Capsule — Core

Version: v0.3.0 · 2026-05-19

The short spec. One page. Pasteable into an LLM prompt. The full spec is in spec/CAPSULE_SPEC.md.

A Capsule is a versioned, self-contained HTML file for work, data, or information worth preserving. It is a memory object — human-readable, machine-readable, and provenance-bearing in one. It packages a bounded data snapshot, a machine-readable manifest, embedded UI logic, and structured export behavior into one shareable, archivable, re-loadable file. It's a profile of HTML — not a new file format. The same outer contract works for any domain (recipes, research notes, decisions, journal entries, LLM-extracted summaries, maps, logs); domain-specific content lives in the data block. Capsule keeps a fixed five-block envelope; optional profiles are validation overlays that describe how those blocks are used.

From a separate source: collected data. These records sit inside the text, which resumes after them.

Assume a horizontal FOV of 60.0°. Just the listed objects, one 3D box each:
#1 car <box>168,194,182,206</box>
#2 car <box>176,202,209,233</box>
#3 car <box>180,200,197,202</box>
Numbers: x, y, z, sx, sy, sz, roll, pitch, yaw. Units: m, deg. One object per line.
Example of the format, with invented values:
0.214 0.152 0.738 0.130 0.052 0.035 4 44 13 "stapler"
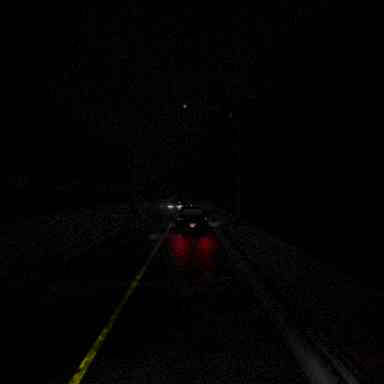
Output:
-3.056 1.429 60.833 2.150 2.045 5.566 0 0 0 "car"
0.014 1.560 19.717 1.812 1.442 4.674 0 0 0 "car"
-0.079 1.641 41.382 2.033 1.411 5.357 0 0 0 "car"
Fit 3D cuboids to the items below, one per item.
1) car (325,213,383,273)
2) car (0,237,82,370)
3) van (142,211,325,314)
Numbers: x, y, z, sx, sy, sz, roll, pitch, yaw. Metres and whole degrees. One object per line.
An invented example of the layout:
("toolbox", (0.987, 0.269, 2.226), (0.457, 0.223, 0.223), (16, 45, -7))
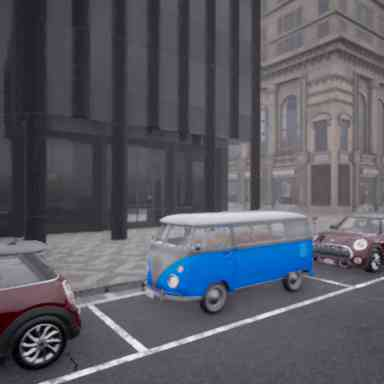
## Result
("car", (5.504, 1.432, 10.565), (4.097, 1.590, 1.967), (0, 0, -35))
("car", (-3.619, 1.441, 4.063), (4.097, 1.590, 1.967), (0, 0, -35))
("van", (0.942, 1.338, 7.314), (3.998, 1.788, 1.690), (0, 0, -35))
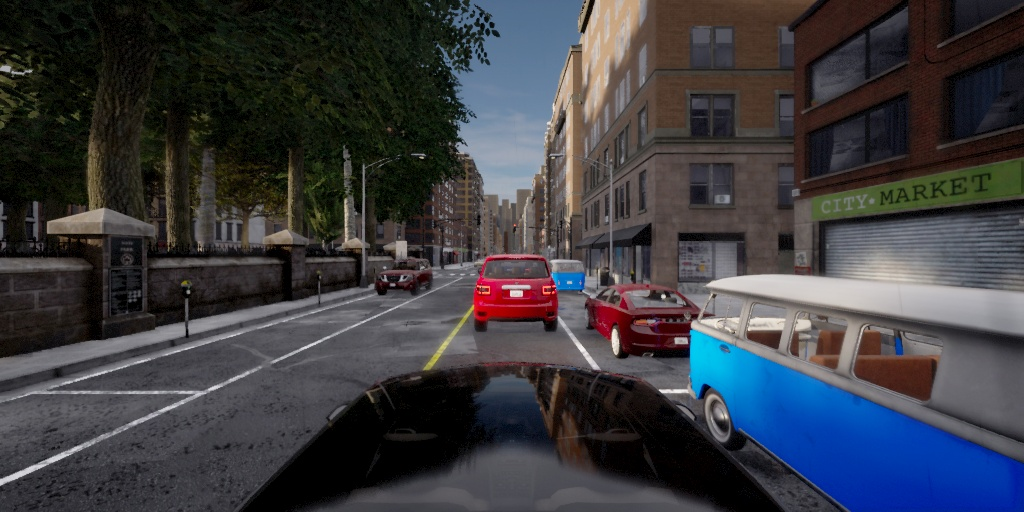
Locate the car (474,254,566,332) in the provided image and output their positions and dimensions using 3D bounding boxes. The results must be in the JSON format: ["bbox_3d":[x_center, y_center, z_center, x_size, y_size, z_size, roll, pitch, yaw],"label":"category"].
[{"bbox_3d":[0.096,0.970,11.036,2.150,2.045,5.566,0,0,0],"label":"car"}]

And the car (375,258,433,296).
[{"bbox_3d":[-5.671,1.059,19.557,2.192,1.841,5.009,0,0,0],"label":"car"}]

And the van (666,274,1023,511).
[{"bbox_3d":[2.856,1.091,2.616,1.690,1.789,3.998,0,0,0],"label":"van"}]

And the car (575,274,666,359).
[{"bbox_3d":[2.855,1.294,8.277,1.888,1.381,4.507,0,0,0],"label":"car"}]

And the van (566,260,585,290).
[{"bbox_3d":[2.854,1.085,19.598,1.690,1.789,3.998,0,0,0],"label":"van"}]
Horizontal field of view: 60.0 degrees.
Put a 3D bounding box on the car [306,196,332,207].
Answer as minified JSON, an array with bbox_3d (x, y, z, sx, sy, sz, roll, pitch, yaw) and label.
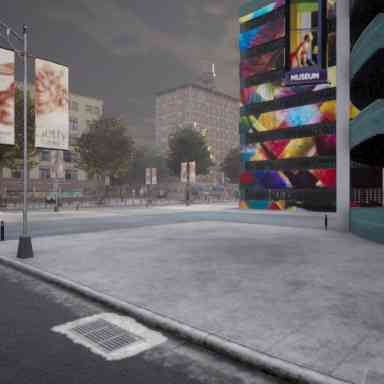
[{"bbox_3d":[19.548,1.413,51.047,2.161,1.482,4.786,0,0,43],"label":"car"}]

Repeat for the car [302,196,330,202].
[{"bbox_3d":[14.241,1.320,39.318,2.002,1.452,4.674,0,0,43],"label":"car"}]
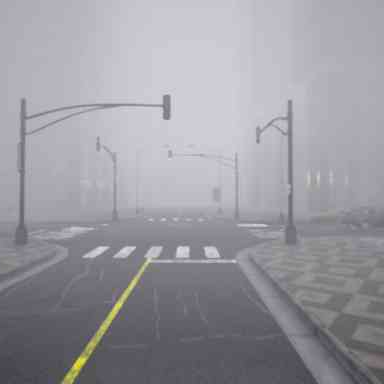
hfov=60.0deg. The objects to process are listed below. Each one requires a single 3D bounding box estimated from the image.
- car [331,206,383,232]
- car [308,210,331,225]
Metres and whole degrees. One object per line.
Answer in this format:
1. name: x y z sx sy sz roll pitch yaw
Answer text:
1. car: 11.564 1.608 20.334 4.902 1.511 2.128 0 -2 0
2. car: 11.656 1.793 26.098 4.829 1.417 1.752 0 -1 0
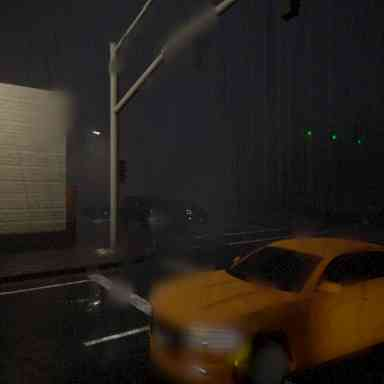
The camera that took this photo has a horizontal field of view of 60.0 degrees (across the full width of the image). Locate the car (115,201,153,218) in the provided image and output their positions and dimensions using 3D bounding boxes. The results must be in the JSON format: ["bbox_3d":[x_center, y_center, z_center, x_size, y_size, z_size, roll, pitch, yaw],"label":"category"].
[{"bbox_3d":[-5.687,1.619,32.115,1.994,1.385,4.181,0,0,-35],"label":"car"}]

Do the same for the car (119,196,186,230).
[{"bbox_3d":[-3.040,1.277,22.372,2.150,2.045,5.566,0,0,-36],"label":"car"}]

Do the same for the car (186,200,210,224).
[{"bbox_3d":[-0.671,1.407,25.084,2.097,1.767,4.553,0,0,-35],"label":"car"}]

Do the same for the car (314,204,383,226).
[{"bbox_3d":[10.498,1.524,21.841,1.882,1.535,5.008,0,0,-36],"label":"car"}]

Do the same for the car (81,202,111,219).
[{"bbox_3d":[-8.502,1.619,30.041,1.994,1.385,4.181,0,0,-35],"label":"car"}]

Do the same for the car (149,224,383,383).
[{"bbox_3d":[1.819,1.484,5.120,5.008,1.535,1.882,0,-1,-28],"label":"car"}]

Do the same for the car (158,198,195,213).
[{"bbox_3d":[-1.895,1.533,39.166,1.882,1.535,5.008,0,0,-36],"label":"car"}]
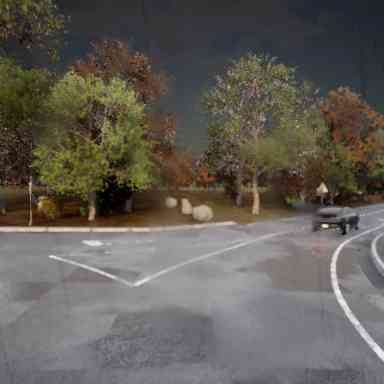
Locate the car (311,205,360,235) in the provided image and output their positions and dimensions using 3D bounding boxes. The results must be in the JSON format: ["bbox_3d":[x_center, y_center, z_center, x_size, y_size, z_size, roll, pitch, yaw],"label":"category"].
[{"bbox_3d":[8.537,1.559,19.579,1.837,1.490,4.892,2,1,38],"label":"car"}]
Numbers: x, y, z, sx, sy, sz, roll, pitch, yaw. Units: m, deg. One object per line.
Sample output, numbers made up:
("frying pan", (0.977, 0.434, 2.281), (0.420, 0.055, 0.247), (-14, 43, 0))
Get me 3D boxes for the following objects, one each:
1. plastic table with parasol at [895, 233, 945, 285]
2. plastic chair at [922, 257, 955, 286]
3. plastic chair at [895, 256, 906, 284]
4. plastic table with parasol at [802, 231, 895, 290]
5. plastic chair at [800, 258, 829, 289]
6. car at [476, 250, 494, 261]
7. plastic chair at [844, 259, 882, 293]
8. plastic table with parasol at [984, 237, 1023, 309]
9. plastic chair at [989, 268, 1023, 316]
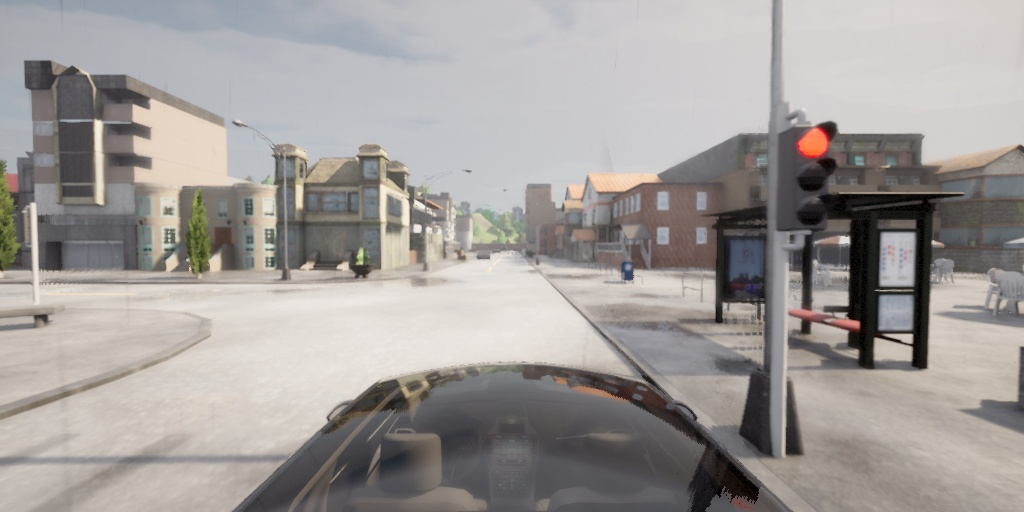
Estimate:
("plastic table with parasol", (22.513, 0.155, 20.315), (2.482, 2.480, 2.482), (0, 0, 0))
("plastic chair", (22.502, 0.801, 18.846), (0.750, 1.272, 0.730), (0, 0, 0))
("plastic chair", (21.334, 0.761, 20.242), (0.730, 1.272, 0.750), (0, 0, -1))
("plastic table with parasol", (15.922, 0.236, 17.428), (2.482, 2.480, 2.482), (0, 0, 0))
("plastic chair", (14.702, 0.837, 17.548), (0.730, 1.272, 0.750), (0, 0, 0))
("car", (-3.997, -0.062, 51.197), (1.837, 1.490, 4.892), (0, 3, 0))
("plastic chair", (15.802, 0.876, 16.148), (0.750, 1.272, 0.730), (0, 0, 0))
("plastic table with parasol", (15.170, 0.455, 9.611), (2.482, 2.480, 2.482), (0, 0, 0))
("plastic chair", (13.900, 1.055, 9.751), (0.730, 1.272, 0.750), (0, 0, 0))

The strongest claim the format makes is multi-producer interop: LLMs (Claude, ChatGPT, Gemini), deterministic compilers (Python/Node build scripts), and human authors all produce the same envelope shape.

Terminology note. Claude's "artifacts," ChatGPT's "Canvas," and similar features are working canvases — editable, iterable, the live output that sits next to a chat. Capsules are what those become when sealed for preservation, sharing, and archival. Different roles, complementary tools: think of capsules as the seal step that comes after the canvas step.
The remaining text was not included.